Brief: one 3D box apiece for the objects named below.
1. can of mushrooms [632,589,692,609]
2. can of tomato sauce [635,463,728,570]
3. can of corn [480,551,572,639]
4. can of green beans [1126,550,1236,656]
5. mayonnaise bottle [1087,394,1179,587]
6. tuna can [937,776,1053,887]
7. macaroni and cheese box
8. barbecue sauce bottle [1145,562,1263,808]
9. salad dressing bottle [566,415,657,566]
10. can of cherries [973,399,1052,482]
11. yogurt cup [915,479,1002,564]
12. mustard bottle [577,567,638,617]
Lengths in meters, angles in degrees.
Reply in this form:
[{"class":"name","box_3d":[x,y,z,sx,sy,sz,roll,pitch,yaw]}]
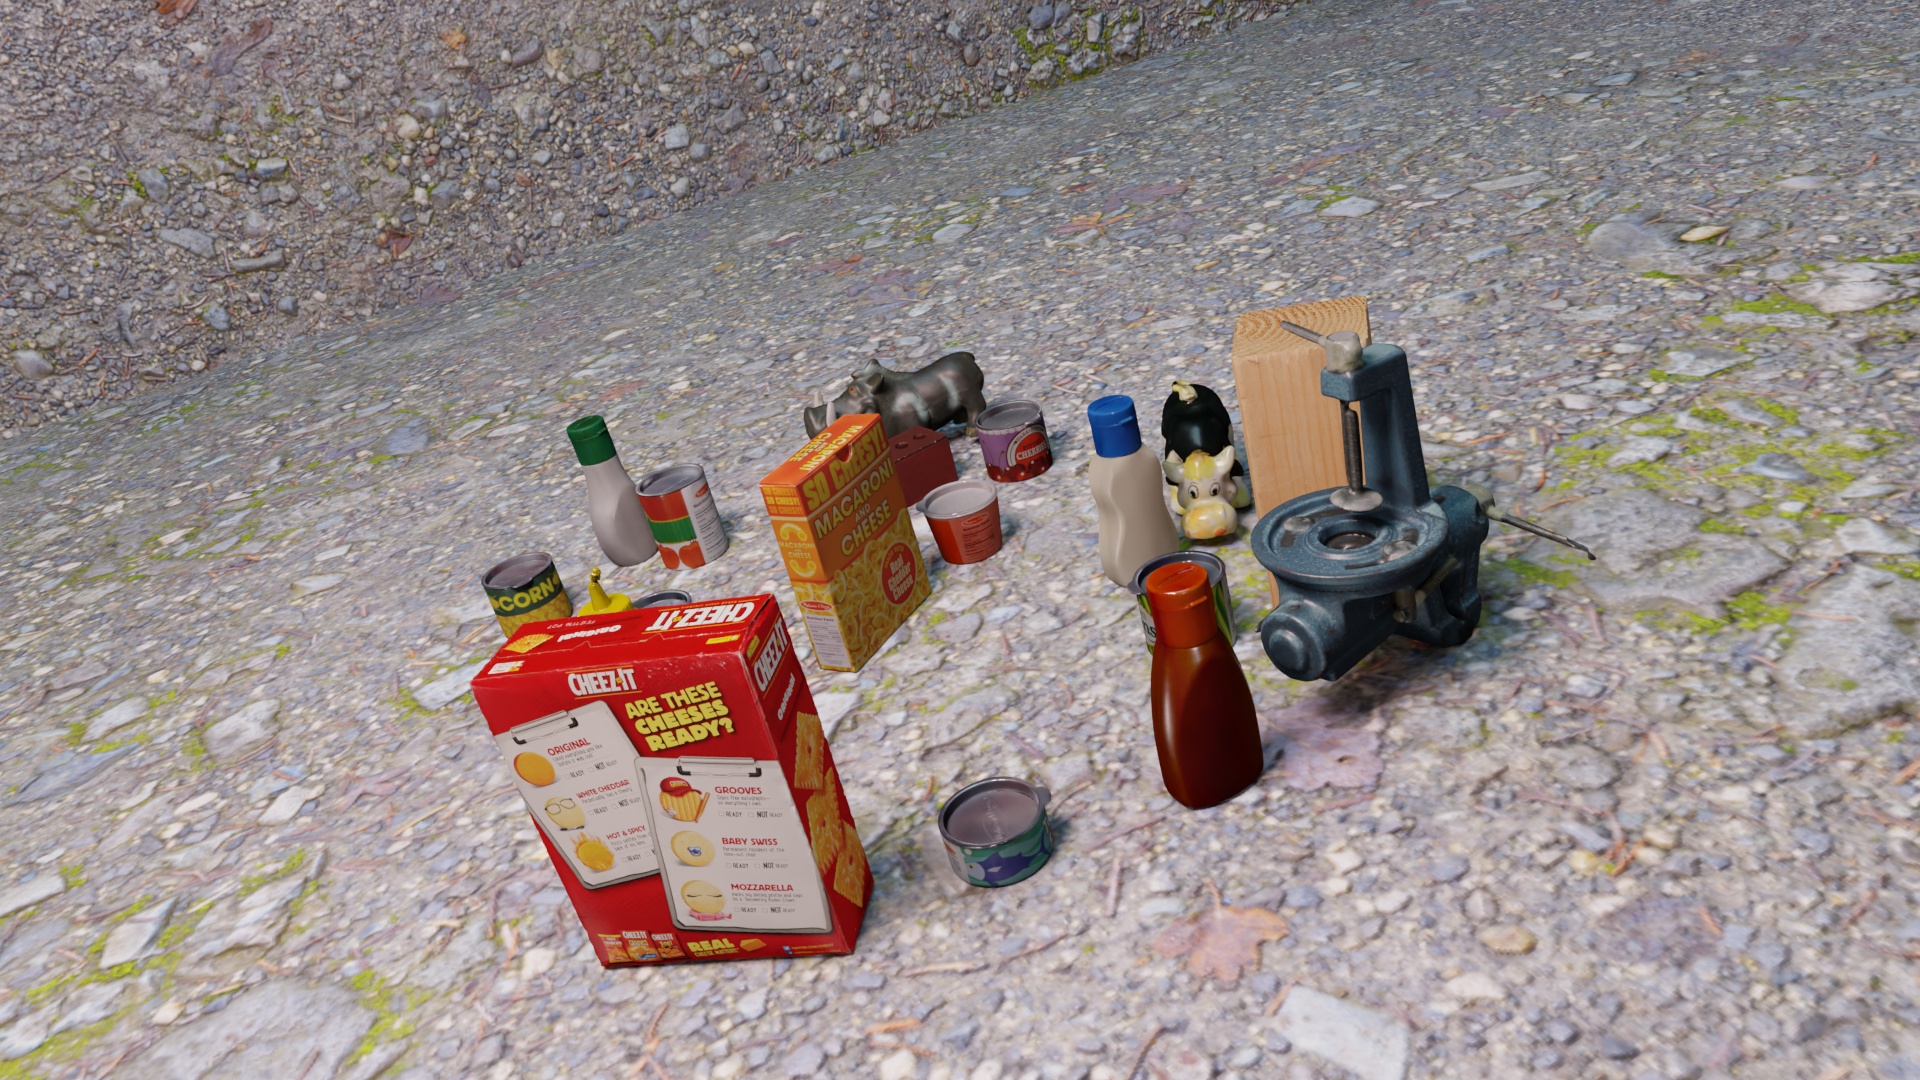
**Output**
[{"class":"can of mushrooms","box_3d":[-0.261,0.072,1.194,0.071,0.033,0.071,-12,26,6]},{"class":"can of tomato sauce","box_3d":[-0.267,-0.023,1.329,0.071,0.082,0.071,-12,26,6]},{"class":"can of corn","box_3d":[-0.397,0.052,1.277,0.071,0.058,0.071,-12,26,6]},{"class":"can of green beans","box_3d":[0.161,0.048,0.996,0.071,0.057,0.071,-12,26,6]},{"class":"mayonnaise bottle","box_3d":[0.130,-0.040,1.084,0.065,0.147,0.041,-26,28,-22]},{"class":"tuna can","box_3d":[0.024,0.176,0.843,0.071,0.032,0.071,-12,26,6]},{"class":"macaroni and cheese box","box_3d":[-0.086,0.000,1.095,0.040,0.165,0.124,2,31,31]},{"class":"barbecue sauce bottle","box_3d":[0.141,0.085,0.829,0.065,0.148,0.044,-25,27,-20]},{"class":"salad dressing bottle","box_3d":[-0.338,-0.048,1.343,0.044,0.147,0.064,0,30,29]},{"class":"can of cherries","box_3d":[0.053,-0.095,1.334,0.071,0.058,0.072,-12,26,6]},{"class":"yogurt cup","box_3d":[0.004,-0.015,1.207,0.072,0.053,0.073,-12,26,6]},{"class":"mustard bottle","box_3d":[-0.244,0.090,1.007,0.049,0.159,0.065,-31,30,-30]}]
----
Each line of the data above is to be output exactly; the pictures are not to appear.

Brief: one 3D box apiece for the objects named below.
1. can of mushrooms [632,589,692,609]
2. can of tomato sauce [635,463,728,570]
3. can of corn [480,551,572,639]
4. can of green beans [1126,550,1236,656]
5. mayonnaise bottle [1087,394,1179,587]
6. tuna can [937,776,1053,887]
7. macaroni and cheese box
8. barbecue sauce bottle [1145,562,1263,808]
9. salad dressing bottle [566,415,657,566]
10. can of cherries [973,399,1052,482]
11. yogurt cup [915,479,1002,564]
12. mustard bottle [577,567,638,617]
Lengths in meters, angles in degrees.
Reply in this form:
[{"class":"name","box_3d":[x,y,z,sx,sy,sz,roll,pitch,yaw]}]
**Output**
[{"class":"can of mushrooms","box_3d":[-0.261,0.072,1.194,0.071,0.033,0.071,-12,26,6]},{"class":"can of tomato sauce","box_3d":[-0.267,-0.023,1.329,0.071,0.082,0.071,-12,26,6]},{"class":"can of corn","box_3d":[-0.397,0.052,1.277,0.071,0.058,0.071,-12,26,6]},{"class":"can of green beans","box_3d":[0.161,0.048,0.996,0.071,0.057,0.071,-12,26,6]},{"class":"mayonnaise bottle","box_3d":[0.130,-0.040,1.084,0.065,0.147,0.041,-26,28,-22]},{"class":"tuna can","box_3d":[0.024,0.176,0.843,0.071,0.032,0.071,-12,26,6]},{"class":"macaroni and cheese box","box_3d":[-0.086,0.000,1.095,0.040,0.165,0.124,2,31,31]},{"class":"barbecue sauce bottle","box_3d":[0.141,0.085,0.829,0.065,0.148,0.044,-25,27,-20]},{"class":"salad dressing bottle","box_3d":[-0.338,-0.048,1.343,0.044,0.147,0.064,0,30,29]},{"class":"can of cherries","box_3d":[0.053,-0.095,1.334,0.071,0.058,0.072,-12,26,6]},{"class":"yogurt cup","box_3d":[0.004,-0.015,1.207,0.072,0.053,0.073,-12,26,6]},{"class":"mustard bottle","box_3d":[-0.244,0.090,1.007,0.049,0.159,0.065,-31,30,-30]}]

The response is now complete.